By working towards these simple goals, you will do your job more effectively, and act in ways you can be proud of. Let's make no mistake here. You don't have to like the nasty person, or even wish them well. But what you should be doing (for your own benefit) is to continue to act professionally and calmly, and to avoid doing anything that will prolong the visit to hell the customer is trying to inflict upon you. It's to your benefit to do so.
Is there more to this defusing mind set? Yes. In my work with thousands of employees stuck dealing with angry, difficult or hostile customers, one thing sticks out about how the successful employees think. They take a fundamental position that goes like this.
When this customer is gone, I want to look back at the way I acted (regardless of how it turned out), and say, with pride, that I acted professionally, and constructively, and did not stoop to the childish (aggressive, nasty, etc.) level of the unpleasant customer. I never ever want to feel that I acted badly.
You might notice something about what's written above...something that's different than what others focus on. I don't focus on how it's "good" to be nice to unpleasant people. I don't tell you to smile when you are having your butt kicked verbally. And, I don't hammer on the usual value of customer service.

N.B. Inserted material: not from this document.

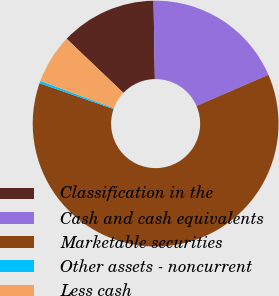Convert chart. <chart><loc_0><loc_0><loc_500><loc_500><pie_chart><fcel>Classification in the<fcel>Cash and cash equivalents<fcel>Marketable securities<fcel>Other assets - noncurrent<fcel>Less cash<nl><fcel>12.62%<fcel>18.77%<fcel>61.82%<fcel>0.32%<fcel>6.47%<nl></chart> 
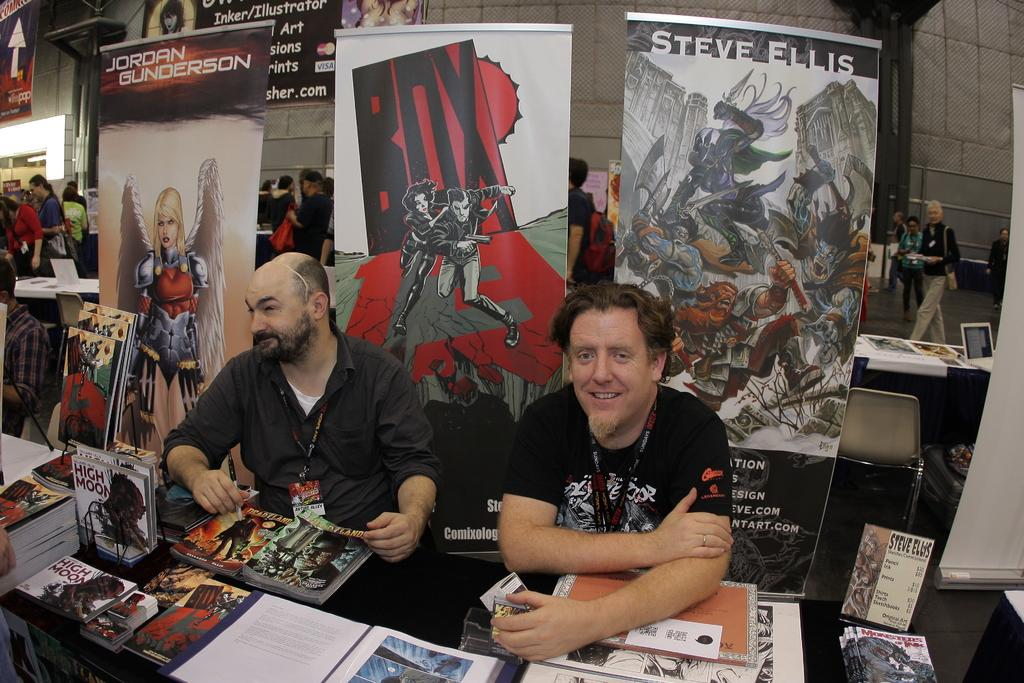<image>
Present a compact description of the photo's key features. TWO MEN SITTING DOWN AT A TABLE AT A CONVENTION WITH 3 BANNERS BEHIND THEM, ONE OF WHICH SAYS STEVE ELLIS

That's because I know that the reason you should work to learn how to defuse angry people is FOR YOU. The benefits and advantages of doing so are overwhelming in terms of reducing stress, enjoying the job and feeling a sense of job satisfaction. Remember that. It's for YOU. And by serving the "better part of yourself, you will, coincidentally, be offering better customer service and become a more effective contributor to your organization.